◆ SUPPLIED RECORDS ◆
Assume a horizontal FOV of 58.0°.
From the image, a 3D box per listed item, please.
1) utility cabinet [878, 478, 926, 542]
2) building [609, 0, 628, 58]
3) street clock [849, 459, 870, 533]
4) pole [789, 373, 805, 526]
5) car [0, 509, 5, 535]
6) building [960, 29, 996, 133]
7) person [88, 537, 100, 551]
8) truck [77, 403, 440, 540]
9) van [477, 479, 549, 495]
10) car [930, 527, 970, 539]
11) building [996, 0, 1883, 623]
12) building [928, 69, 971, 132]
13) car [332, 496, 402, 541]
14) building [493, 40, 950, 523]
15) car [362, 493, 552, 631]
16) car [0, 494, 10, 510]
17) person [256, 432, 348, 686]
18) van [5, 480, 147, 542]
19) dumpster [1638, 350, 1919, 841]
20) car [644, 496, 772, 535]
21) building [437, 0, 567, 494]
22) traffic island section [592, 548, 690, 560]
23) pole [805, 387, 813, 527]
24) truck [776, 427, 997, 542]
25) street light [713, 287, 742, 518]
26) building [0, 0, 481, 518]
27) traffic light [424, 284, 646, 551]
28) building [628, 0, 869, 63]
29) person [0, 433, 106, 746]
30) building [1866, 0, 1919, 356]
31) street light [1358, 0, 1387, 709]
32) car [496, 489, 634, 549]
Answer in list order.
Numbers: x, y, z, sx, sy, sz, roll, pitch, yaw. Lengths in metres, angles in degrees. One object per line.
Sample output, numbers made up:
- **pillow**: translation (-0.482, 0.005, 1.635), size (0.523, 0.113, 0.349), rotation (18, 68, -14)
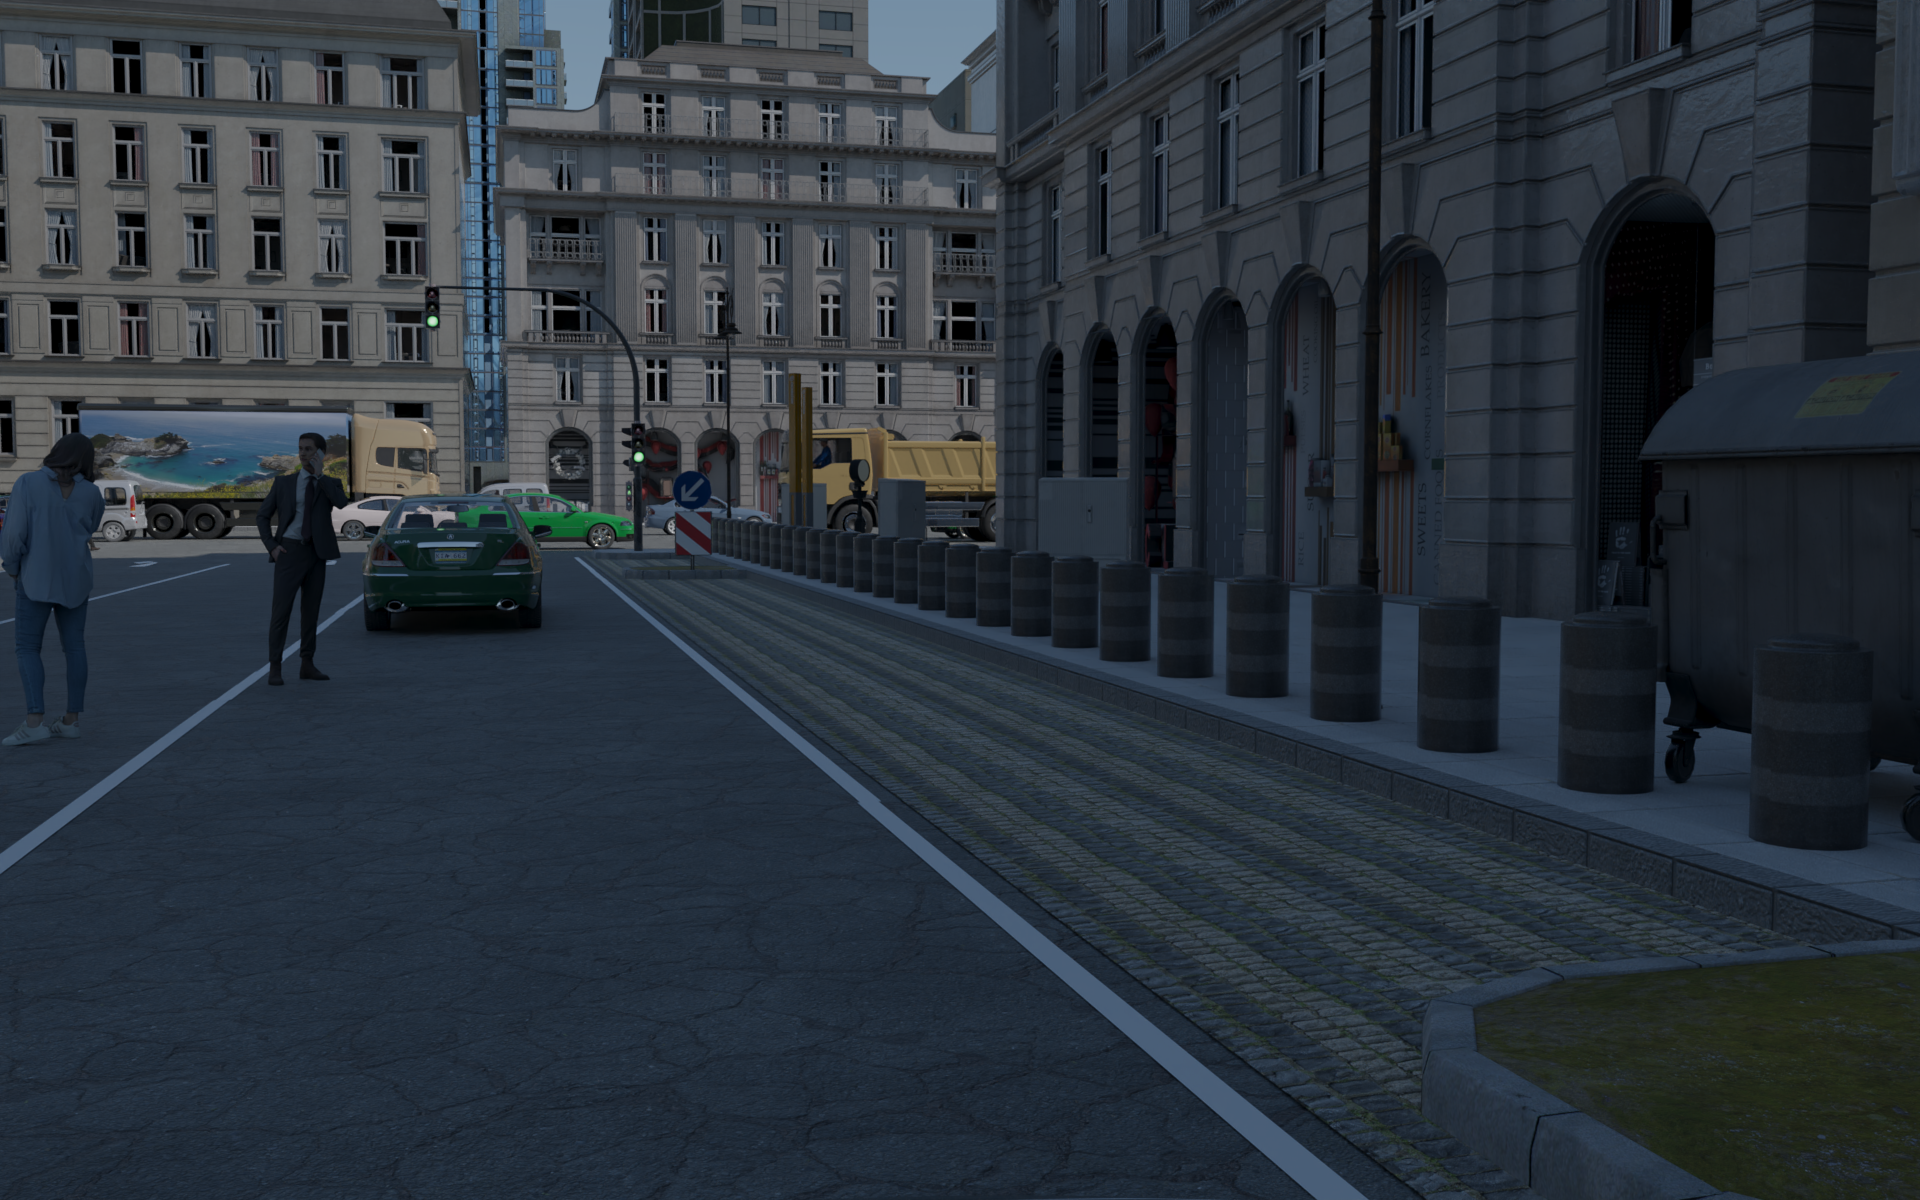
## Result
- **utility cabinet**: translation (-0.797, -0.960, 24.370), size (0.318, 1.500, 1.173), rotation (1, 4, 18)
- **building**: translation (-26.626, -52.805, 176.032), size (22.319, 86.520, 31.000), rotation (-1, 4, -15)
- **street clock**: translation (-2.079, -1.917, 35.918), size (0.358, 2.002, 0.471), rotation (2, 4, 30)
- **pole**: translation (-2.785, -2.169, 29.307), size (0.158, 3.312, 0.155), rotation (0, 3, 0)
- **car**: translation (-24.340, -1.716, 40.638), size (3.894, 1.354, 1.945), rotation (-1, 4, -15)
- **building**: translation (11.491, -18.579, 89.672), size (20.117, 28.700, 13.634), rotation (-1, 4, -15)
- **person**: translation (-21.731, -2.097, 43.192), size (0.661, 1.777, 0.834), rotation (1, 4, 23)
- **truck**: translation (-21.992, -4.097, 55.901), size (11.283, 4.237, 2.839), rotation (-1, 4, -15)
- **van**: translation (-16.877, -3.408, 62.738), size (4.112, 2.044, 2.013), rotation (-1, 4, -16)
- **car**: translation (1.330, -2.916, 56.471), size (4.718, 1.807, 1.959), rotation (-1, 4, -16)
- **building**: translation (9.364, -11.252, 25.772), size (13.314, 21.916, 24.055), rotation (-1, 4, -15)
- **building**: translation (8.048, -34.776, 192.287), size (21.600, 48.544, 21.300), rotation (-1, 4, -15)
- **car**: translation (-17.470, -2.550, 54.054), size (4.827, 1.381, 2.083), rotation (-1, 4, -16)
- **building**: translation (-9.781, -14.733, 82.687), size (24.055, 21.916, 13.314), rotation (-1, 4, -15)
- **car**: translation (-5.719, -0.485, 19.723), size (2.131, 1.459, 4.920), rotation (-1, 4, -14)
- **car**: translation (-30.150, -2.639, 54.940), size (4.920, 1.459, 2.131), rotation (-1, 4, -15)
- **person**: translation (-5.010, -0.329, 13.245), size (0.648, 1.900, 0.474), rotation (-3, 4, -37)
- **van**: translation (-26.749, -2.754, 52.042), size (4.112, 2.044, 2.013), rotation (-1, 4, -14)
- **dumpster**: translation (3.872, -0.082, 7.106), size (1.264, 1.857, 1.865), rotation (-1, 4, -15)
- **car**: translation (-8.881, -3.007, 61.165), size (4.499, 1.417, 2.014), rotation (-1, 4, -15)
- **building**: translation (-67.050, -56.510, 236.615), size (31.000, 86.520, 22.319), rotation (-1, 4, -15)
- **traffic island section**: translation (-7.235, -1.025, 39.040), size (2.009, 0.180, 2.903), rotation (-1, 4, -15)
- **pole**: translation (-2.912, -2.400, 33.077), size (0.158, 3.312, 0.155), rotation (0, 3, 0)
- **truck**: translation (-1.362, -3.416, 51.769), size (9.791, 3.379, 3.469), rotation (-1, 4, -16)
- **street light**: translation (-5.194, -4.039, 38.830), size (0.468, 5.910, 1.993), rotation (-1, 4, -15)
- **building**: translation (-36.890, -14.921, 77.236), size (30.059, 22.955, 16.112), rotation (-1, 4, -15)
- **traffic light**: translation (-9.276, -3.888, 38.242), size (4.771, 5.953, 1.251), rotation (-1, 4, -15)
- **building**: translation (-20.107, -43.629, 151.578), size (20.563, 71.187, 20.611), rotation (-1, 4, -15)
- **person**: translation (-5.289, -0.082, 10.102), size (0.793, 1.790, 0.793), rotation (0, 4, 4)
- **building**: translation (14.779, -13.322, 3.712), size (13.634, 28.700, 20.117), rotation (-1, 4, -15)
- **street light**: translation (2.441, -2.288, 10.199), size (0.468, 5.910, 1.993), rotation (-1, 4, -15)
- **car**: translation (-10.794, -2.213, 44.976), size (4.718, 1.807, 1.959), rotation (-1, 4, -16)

◆ WORK INSTRUCTION ◆
Write out the material above once more, word for word. Images stay out.

◆ PROBLEM SOLUTION ◆
Assume a horizontal FOV of 58.0°.
From the image, a 3D box per listed item, please.
1) utility cabinet [878, 478, 926, 542]
2) building [609, 0, 628, 58]
3) street clock [849, 459, 870, 533]
4) pole [789, 373, 805, 526]
5) car [0, 509, 5, 535]
6) building [960, 29, 996, 133]
7) person [88, 537, 100, 551]
8) truck [77, 403, 440, 540]
9) van [477, 479, 549, 495]
10) car [930, 527, 970, 539]
11) building [996, 0, 1883, 623]
12) building [928, 69, 971, 132]
13) car [332, 496, 402, 541]
14) building [493, 40, 950, 523]
15) car [362, 493, 552, 631]
16) car [0, 494, 10, 510]
17) person [256, 432, 348, 686]
18) van [5, 480, 147, 542]
19) dumpster [1638, 350, 1919, 841]
20) car [644, 496, 772, 535]
21) building [437, 0, 567, 494]
22) traffic island section [592, 548, 690, 560]
23) pole [805, 387, 813, 527]
24) truck [776, 427, 997, 542]
25) street light [713, 287, 742, 518]
26) building [0, 0, 481, 518]
27) traffic light [424, 284, 646, 551]
28) building [628, 0, 869, 63]
29) person [0, 433, 106, 746]
30) building [1866, 0, 1919, 356]
31) street light [1358, 0, 1387, 709]
32) car [496, 489, 634, 549]
Answer in list order.
Numbers: x, y, z, sx, sy, sz, roll, pitch, yaw. Lengths in metres, angles in degrees. One object per line.
Sample output, numbers made up:
- **pillow**: translation (-0.482, 0.005, 1.635), size (0.523, 0.113, 0.349), rotation (18, 68, -14)
## Result
- **utility cabinet**: translation (-0.797, -0.960, 24.370), size (0.318, 1.500, 1.173), rotation (1, 4, 18)
- **building**: translation (-26.626, -52.805, 176.032), size (22.319, 86.520, 31.000), rotation (-1, 4, -15)
- **street clock**: translation (-2.079, -1.917, 35.918), size (0.358, 2.002, 0.471), rotation (2, 4, 30)
- **pole**: translation (-2.785, -2.169, 29.307), size (0.158, 3.312, 0.155), rotation (0, 3, 0)
- **car**: translation (-24.340, -1.716, 40.638), size (3.894, 1.354, 1.945), rotation (-1, 4, -15)
- **building**: translation (11.491, -18.579, 89.672), size (20.117, 28.700, 13.634), rotation (-1, 4, -15)
- **person**: translation (-21.731, -2.097, 43.192), size (0.661, 1.777, 0.834), rotation (1, 4, 23)
- **truck**: translation (-21.992, -4.097, 55.901), size (11.283, 4.237, 2.839), rotation (-1, 4, -15)
- **van**: translation (-16.877, -3.408, 62.738), size (4.112, 2.044, 2.013), rotation (-1, 4, -16)
- **car**: translation (1.330, -2.916, 56.471), size (4.718, 1.807, 1.959), rotation (-1, 4, -16)
- **building**: translation (9.364, -11.252, 25.772), size (13.314, 21.916, 24.055), rotation (-1, 4, -15)
- **building**: translation (8.048, -34.776, 192.287), size (21.600, 48.544, 21.300), rotation (-1, 4, -15)
- **car**: translation (-17.470, -2.550, 54.054), size (4.827, 1.381, 2.083), rotation (-1, 4, -16)
- **building**: translation (-9.781, -14.733, 82.687), size (24.055, 21.916, 13.314), rotation (-1, 4, -15)
- **car**: translation (-5.719, -0.485, 19.723), size (2.131, 1.459, 4.920), rotation (-1, 4, -14)
- **car**: translation (-30.150, -2.639, 54.940), size (4.920, 1.459, 2.131), rotation (-1, 4, -15)
- **person**: translation (-5.010, -0.329, 13.245), size (0.648, 1.900, 0.474), rotation (-3, 4, -37)
- **van**: translation (-26.749, -2.754, 52.042), size (4.112, 2.044, 2.013), rotation (-1, 4, -14)
- **dumpster**: translation (3.872, -0.082, 7.106), size (1.264, 1.857, 1.865), rotation (-1, 4, -15)
- **car**: translation (-8.881, -3.007, 61.165), size (4.499, 1.417, 2.014), rotation (-1, 4, -15)
- **building**: translation (-67.050, -56.510, 236.615), size (31.000, 86.520, 22.319), rotation (-1, 4, -15)
- **traffic island section**: translation (-7.235, -1.025, 39.040), size (2.009, 0.180, 2.903), rotation (-1, 4, -15)
- **pole**: translation (-2.912, -2.400, 33.077), size (0.158, 3.312, 0.155), rotation (0, 3, 0)
- **truck**: translation (-1.362, -3.416, 51.769), size (9.791, 3.379, 3.469), rotation (-1, 4, -16)
- **street light**: translation (-5.194, -4.039, 38.830), size (0.468, 5.910, 1.993), rotation (-1, 4, -15)
- **building**: translation (-36.890, -14.921, 77.236), size (30.059, 22.955, 16.112), rotation (-1, 4, -15)
- **traffic light**: translation (-9.276, -3.888, 38.242), size (4.771, 5.953, 1.251), rotation (-1, 4, -15)
- **building**: translation (-20.107, -43.629, 151.578), size (20.563, 71.187, 20.611), rotation (-1, 4, -15)
- **person**: translation (-5.289, -0.082, 10.102), size (0.793, 1.790, 0.793), rotation (0, 4, 4)
- **building**: translation (14.779, -13.322, 3.712), size (13.634, 28.700, 20.117), rotation (-1, 4, -15)
- **street light**: translation (2.441, -2.288, 10.199), size (0.468, 5.910, 1.993), rotation (-1, 4, -15)
- **car**: translation (-10.794, -2.213, 44.976), size (4.718, 1.807, 1.959), rotation (-1, 4, -16)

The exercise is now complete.